= Debt moratorium =

Government delay in the payment of debts

A debt moratorium is a delay in the payment of debts or obligations. The term is generally used to refer to acts by national governments. Moratory laws are usually passed at times of special political or commercial stress: for instance, on several occasions during the Franco-Prussian War, the French government passed moratory laws.

==Validity==
Their international validity was discussed at length, and was upheld in the English law case Rouquette v Overman (1875) LR 10 QB. Debt moratoriums are generally opposed by creditors.

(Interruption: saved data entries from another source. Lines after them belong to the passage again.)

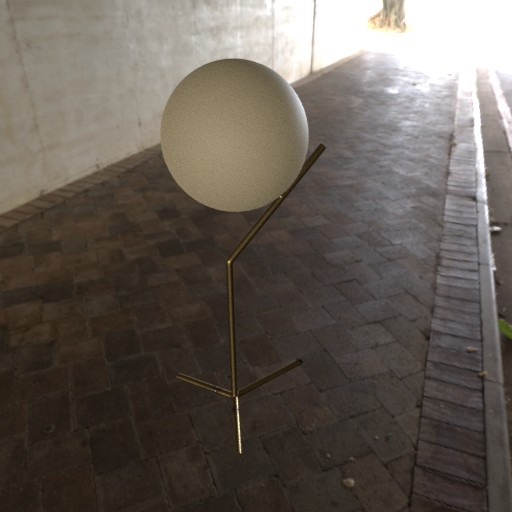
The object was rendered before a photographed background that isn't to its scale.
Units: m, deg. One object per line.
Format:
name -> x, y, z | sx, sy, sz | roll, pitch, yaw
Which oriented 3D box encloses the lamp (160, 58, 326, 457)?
lamp -> 0.000, 0.000, 0.671 | 0.251, 0.552, 0.210 | -19, 35, -30
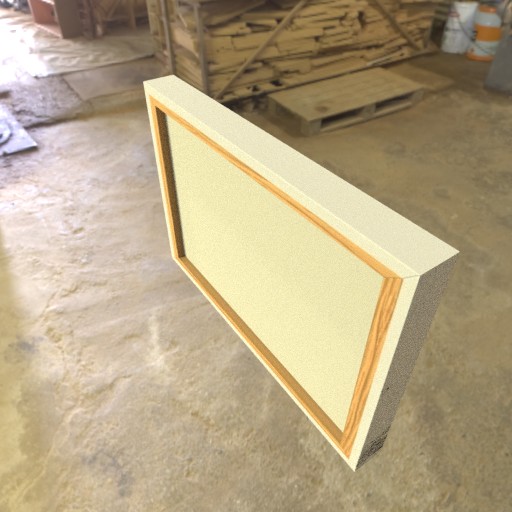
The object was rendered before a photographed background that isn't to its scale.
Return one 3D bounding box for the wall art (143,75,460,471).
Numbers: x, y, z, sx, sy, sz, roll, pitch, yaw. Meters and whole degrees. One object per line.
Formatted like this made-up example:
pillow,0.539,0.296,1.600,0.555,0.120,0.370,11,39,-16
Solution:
wall art,0.000,0.000,0.465,0.038,0.259,0.381,-25,47,-26
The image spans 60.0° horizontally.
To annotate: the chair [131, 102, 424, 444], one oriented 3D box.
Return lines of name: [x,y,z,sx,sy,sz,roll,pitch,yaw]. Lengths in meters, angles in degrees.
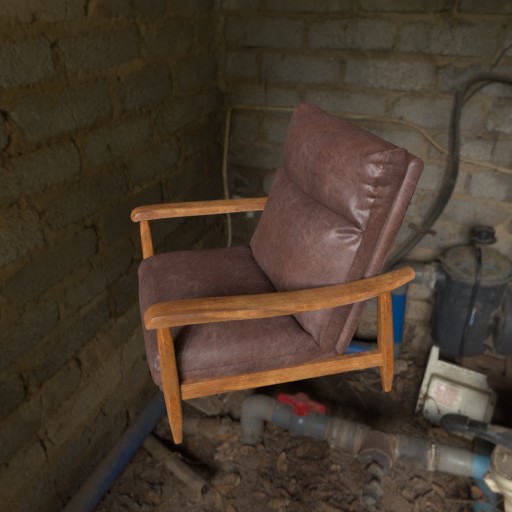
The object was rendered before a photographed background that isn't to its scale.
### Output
chair: [0.000,0.000,1.551,0.830,0.897,0.782,-8,31,-14]
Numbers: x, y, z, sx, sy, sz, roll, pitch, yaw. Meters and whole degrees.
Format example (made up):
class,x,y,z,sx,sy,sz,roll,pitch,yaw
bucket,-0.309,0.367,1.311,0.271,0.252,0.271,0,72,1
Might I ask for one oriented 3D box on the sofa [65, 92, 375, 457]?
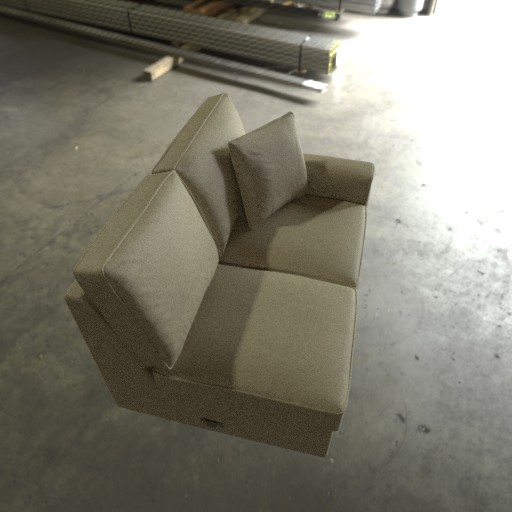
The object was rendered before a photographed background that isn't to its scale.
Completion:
class,x,y,z,sx,sy,sz,roll,pitch,yaw
sofa,0.000,0.000,2.070,0.991,0.989,1.388,10,46,10
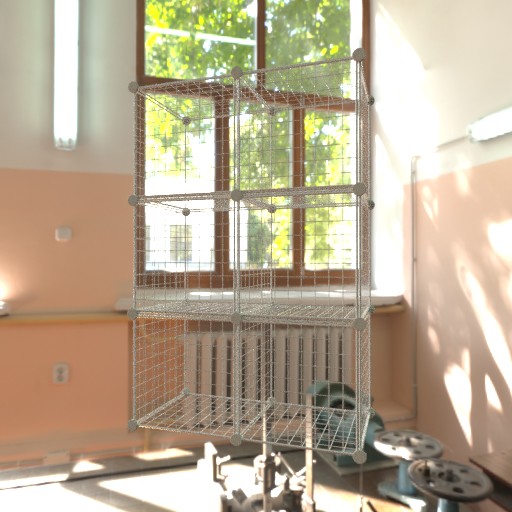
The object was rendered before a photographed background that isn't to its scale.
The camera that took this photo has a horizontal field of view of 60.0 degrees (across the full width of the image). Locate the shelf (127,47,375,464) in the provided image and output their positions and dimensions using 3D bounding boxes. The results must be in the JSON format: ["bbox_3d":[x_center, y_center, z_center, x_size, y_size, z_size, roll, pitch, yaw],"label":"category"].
[{"bbox_3d":[0.000,0.000,1.412,0.711,1.067,0.356,0,-1,19],"label":"shelf"}]
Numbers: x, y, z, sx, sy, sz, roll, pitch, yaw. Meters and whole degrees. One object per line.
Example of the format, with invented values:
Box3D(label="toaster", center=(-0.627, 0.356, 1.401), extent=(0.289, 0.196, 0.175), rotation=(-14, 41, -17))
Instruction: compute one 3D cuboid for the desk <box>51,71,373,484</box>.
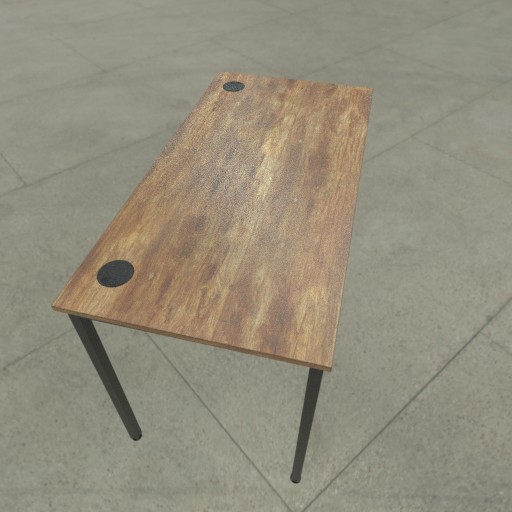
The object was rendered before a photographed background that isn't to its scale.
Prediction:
Box3D(label="desk", center=(0.000, 0.000, 1.564), extent=(0.600, 0.749, 1.200), rotation=(10, 47, 10))
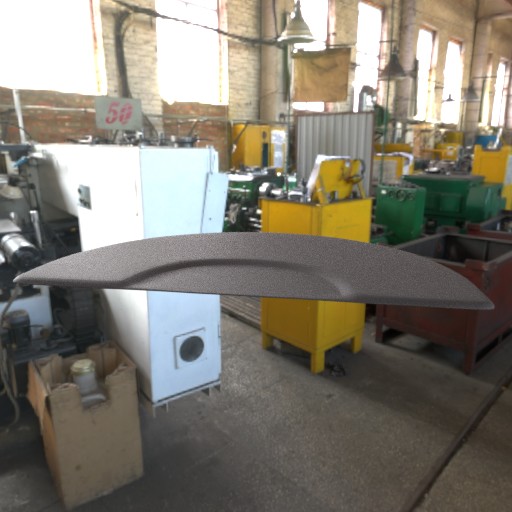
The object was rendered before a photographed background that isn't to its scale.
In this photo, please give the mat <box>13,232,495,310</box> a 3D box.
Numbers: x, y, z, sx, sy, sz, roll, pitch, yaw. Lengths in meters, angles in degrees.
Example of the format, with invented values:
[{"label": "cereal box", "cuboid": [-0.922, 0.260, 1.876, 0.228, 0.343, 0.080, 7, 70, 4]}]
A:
[{"label": "mat", "cuboid": [0.000, 0.000, 1.785, 1.525, 0.022, 0.917, 2, 15, 9]}]
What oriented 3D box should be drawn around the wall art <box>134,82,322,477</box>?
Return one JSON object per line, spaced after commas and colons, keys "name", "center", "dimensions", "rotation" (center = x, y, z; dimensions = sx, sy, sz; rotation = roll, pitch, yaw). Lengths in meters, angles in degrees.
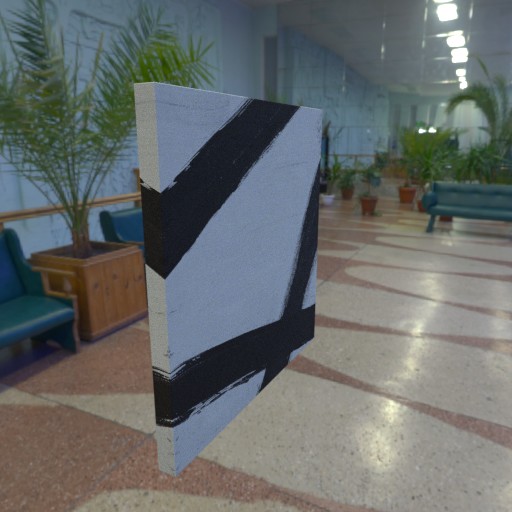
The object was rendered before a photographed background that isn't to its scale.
{"name": "wall art", "center": [0.000, 0.000, 1.152], "dimensions": [0.046, 0.765, 0.765], "rotation": [8, 17, 28]}
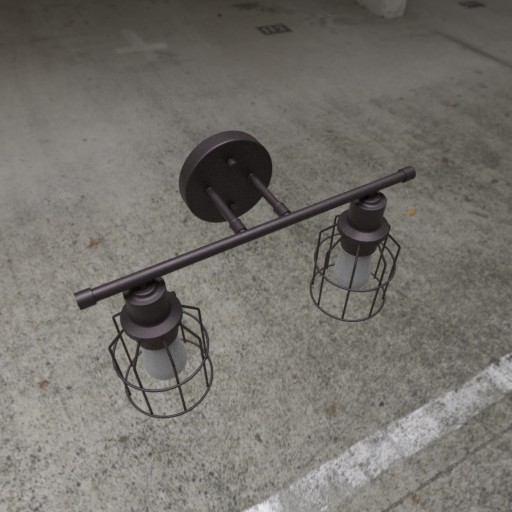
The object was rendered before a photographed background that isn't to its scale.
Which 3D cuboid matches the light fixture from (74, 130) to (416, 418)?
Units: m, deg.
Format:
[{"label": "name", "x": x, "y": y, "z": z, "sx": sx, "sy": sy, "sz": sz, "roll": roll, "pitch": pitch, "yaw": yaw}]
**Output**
[{"label": "light fixture", "x": 0.000, "y": 0.000, "z": 0.541, "sx": 0.406, "sy": 0.254, "sz": 0.165, "roll": -22, "pitch": 51, "yaw": -20}]
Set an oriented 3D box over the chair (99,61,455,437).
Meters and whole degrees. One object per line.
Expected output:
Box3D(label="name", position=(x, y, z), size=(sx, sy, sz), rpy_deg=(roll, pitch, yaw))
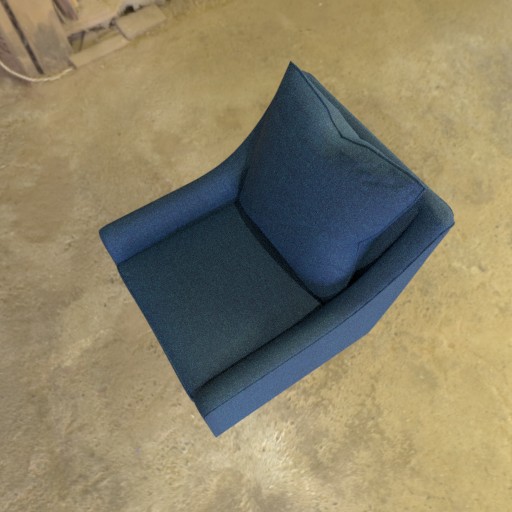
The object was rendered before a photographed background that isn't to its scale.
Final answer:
Box3D(label="chair", position=(0.000, 0.000, 1.556), size=(0.870, 0.939, 0.750), rpy_deg=(-30, 66, -15))
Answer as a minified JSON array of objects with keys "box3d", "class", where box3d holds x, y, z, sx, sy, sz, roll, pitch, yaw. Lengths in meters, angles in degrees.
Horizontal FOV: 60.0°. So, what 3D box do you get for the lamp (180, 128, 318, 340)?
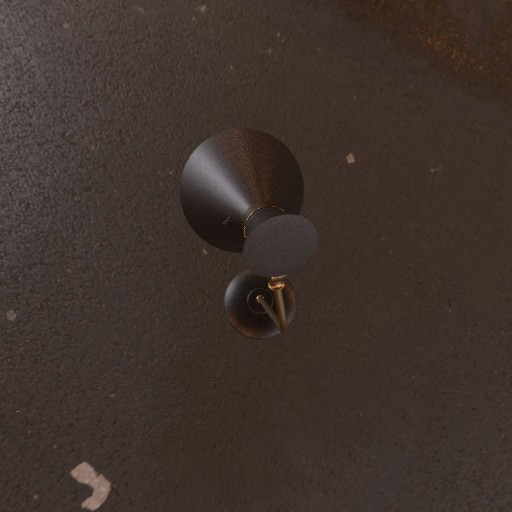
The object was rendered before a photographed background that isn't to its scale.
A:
[{"box3d":[0.000,0.000,0.774,0.189,0.647,0.292,-16,75,-4],"class":"lamp"}]
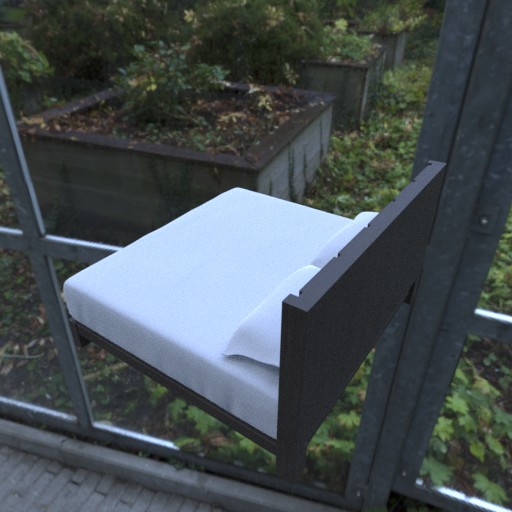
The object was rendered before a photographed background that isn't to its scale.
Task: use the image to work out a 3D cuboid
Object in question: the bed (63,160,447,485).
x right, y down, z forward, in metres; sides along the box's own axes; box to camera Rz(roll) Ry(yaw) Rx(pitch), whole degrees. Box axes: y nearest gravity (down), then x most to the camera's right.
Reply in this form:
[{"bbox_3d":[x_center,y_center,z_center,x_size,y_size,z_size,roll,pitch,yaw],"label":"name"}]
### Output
[{"bbox_3d":[0.000,0.000,3.418,2.012,1.270,2.134,20,37,29],"label":"bed"}]
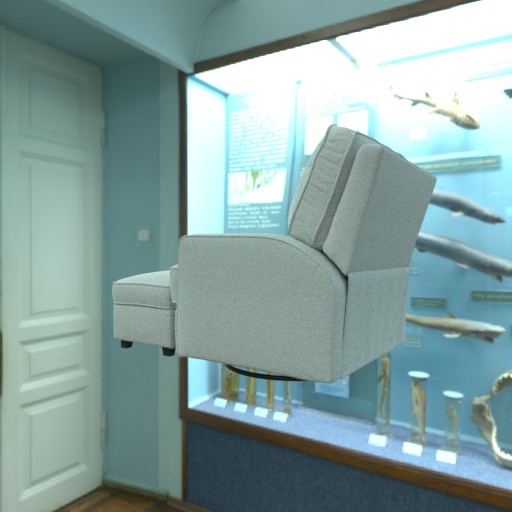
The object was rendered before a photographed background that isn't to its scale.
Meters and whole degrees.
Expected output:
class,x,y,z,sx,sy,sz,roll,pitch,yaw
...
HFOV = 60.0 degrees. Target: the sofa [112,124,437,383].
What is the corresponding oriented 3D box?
class,x,y,z,sx,sy,sz,roll,pitch,yaw
sofa,0.000,0.000,2.112,1.472,0.959,0.861,0,1,35
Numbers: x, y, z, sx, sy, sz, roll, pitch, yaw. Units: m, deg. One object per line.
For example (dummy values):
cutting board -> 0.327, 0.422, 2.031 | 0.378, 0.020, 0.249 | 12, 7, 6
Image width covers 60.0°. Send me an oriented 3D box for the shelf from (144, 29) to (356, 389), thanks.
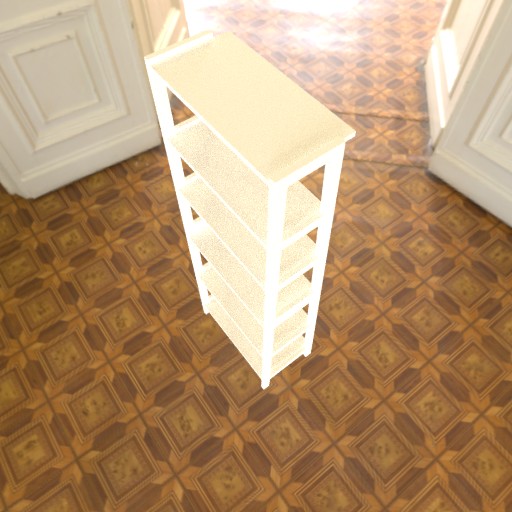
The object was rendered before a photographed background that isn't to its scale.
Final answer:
shelf -> 0.000, 0.000, 2.109 | 0.381, 1.892, 0.660 | -33, 64, -19
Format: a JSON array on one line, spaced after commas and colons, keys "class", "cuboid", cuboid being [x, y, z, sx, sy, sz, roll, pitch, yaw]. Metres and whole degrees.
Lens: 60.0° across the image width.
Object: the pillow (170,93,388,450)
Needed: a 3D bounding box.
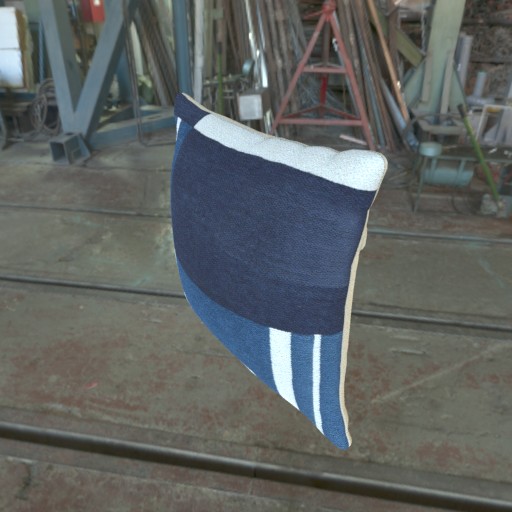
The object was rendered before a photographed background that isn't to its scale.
[{"class": "pillow", "cuboid": [0.000, 0.000, 0.804, 0.229, 0.506, 0.536, -20, 37, -30]}]
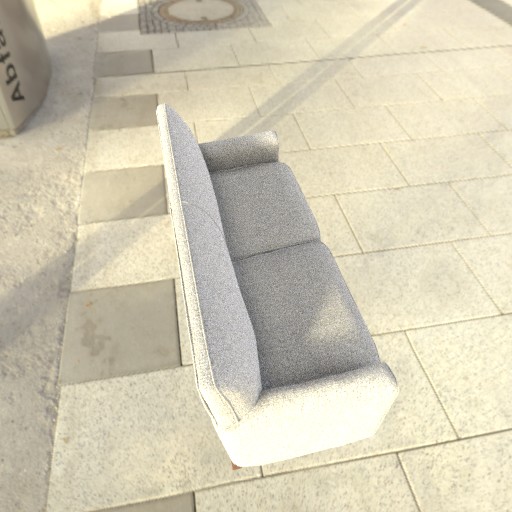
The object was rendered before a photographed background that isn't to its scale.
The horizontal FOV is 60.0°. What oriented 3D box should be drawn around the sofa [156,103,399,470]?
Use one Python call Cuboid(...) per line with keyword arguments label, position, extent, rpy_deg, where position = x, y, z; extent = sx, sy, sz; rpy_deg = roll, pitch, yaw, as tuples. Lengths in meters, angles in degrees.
Cuboid(label="sofa", position=(0.000, 0.000, 2.518), extent=(0.854, 0.942, 2.026), rpy_deg=(-9, 47, -9))
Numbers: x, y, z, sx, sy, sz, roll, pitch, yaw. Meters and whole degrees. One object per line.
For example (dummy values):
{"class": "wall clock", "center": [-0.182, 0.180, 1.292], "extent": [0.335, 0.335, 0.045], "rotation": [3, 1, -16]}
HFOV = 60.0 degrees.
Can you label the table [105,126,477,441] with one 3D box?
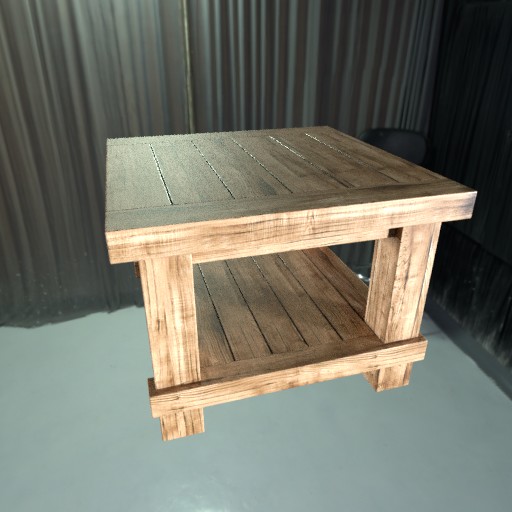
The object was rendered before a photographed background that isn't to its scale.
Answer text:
{"class": "table", "center": [0.000, 0.000, 1.044], "extent": [0.610, 0.457, 0.610], "rotation": [-8, 28, -15]}
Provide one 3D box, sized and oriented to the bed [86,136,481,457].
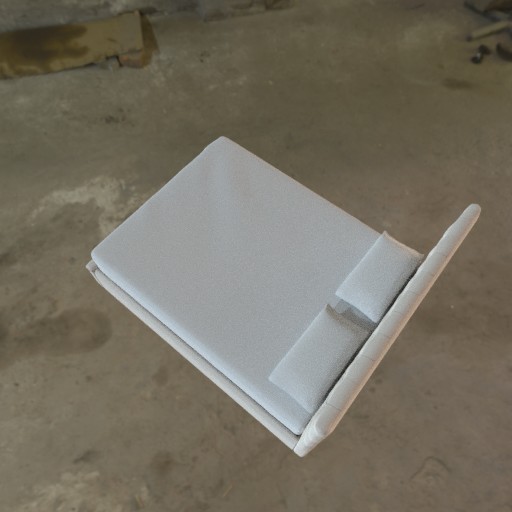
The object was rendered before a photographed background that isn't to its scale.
[{"bbox_3d":[0.000,0.000,3.336,2.233,1.426,1.696,36,67,17],"label":"bed"}]
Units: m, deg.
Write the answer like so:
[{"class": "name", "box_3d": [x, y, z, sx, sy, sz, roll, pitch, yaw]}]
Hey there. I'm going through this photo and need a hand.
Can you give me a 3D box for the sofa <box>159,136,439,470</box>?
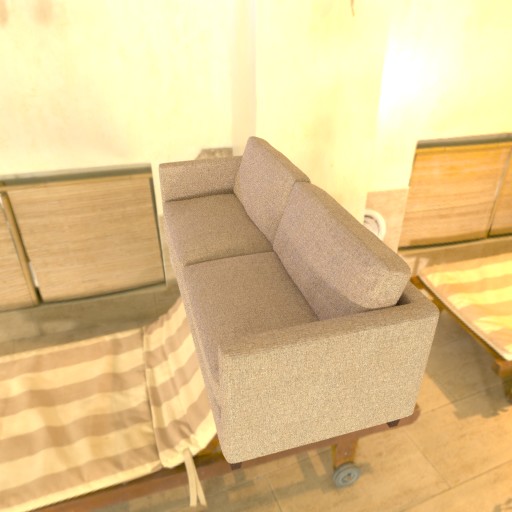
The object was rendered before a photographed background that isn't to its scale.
[{"class": "sofa", "box_3d": [0.000, 0.000, 2.724, 0.951, 0.965, 2.208, -9, 32, -14]}]
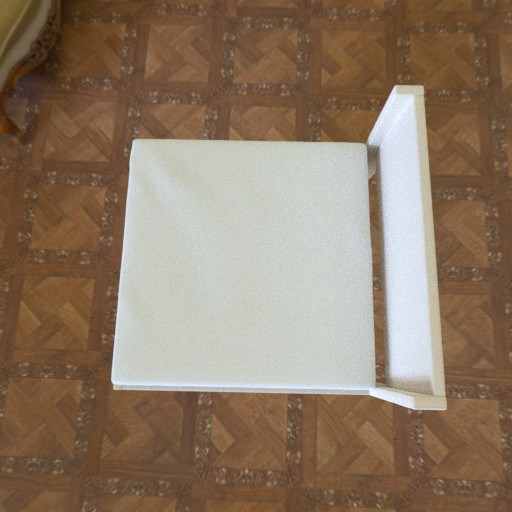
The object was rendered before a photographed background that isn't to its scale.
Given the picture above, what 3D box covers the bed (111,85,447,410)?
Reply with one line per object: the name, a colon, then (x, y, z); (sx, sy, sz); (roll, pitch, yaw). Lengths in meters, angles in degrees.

Proponents of debt moratoriums argue that it is a sovereign decision by the government of a nation to suspend repayment of debt to its creditors, if to do otherwise would do irreparable harm to the welfare of its citizenry. A debt moratorium may take the form of a complete cessation of debt repayments, or a partial cessation: for example, the government of President Alan García of Peru implemented the so-called "Ten Per Cent Solution", when it was announced that only 10% of export earnings would go to debt payment.

==Examples==
Nations which have, at one time or another, declared a debt moratorium include Peru, Pakistan, Brazil, Ukraine, Mexico, Russia, and Argentina. In 2008, President Correa of Ecuador declared a moratorium on foreign debt repayments, describing the obligations as "immoral" and "illegitimate". Ultimately, the moratorium targeted two bonds in particular, and other obligations were paid.

Several European countries introduced various debt moratoria in connection with the consequences of the COVID-19 pandemic. On 4 April 2021, Supreme Court of India also asked the PSU banks in India for Interest waiver on loans for the moratorium of loans taken by citizens of India during pandemic lockdown.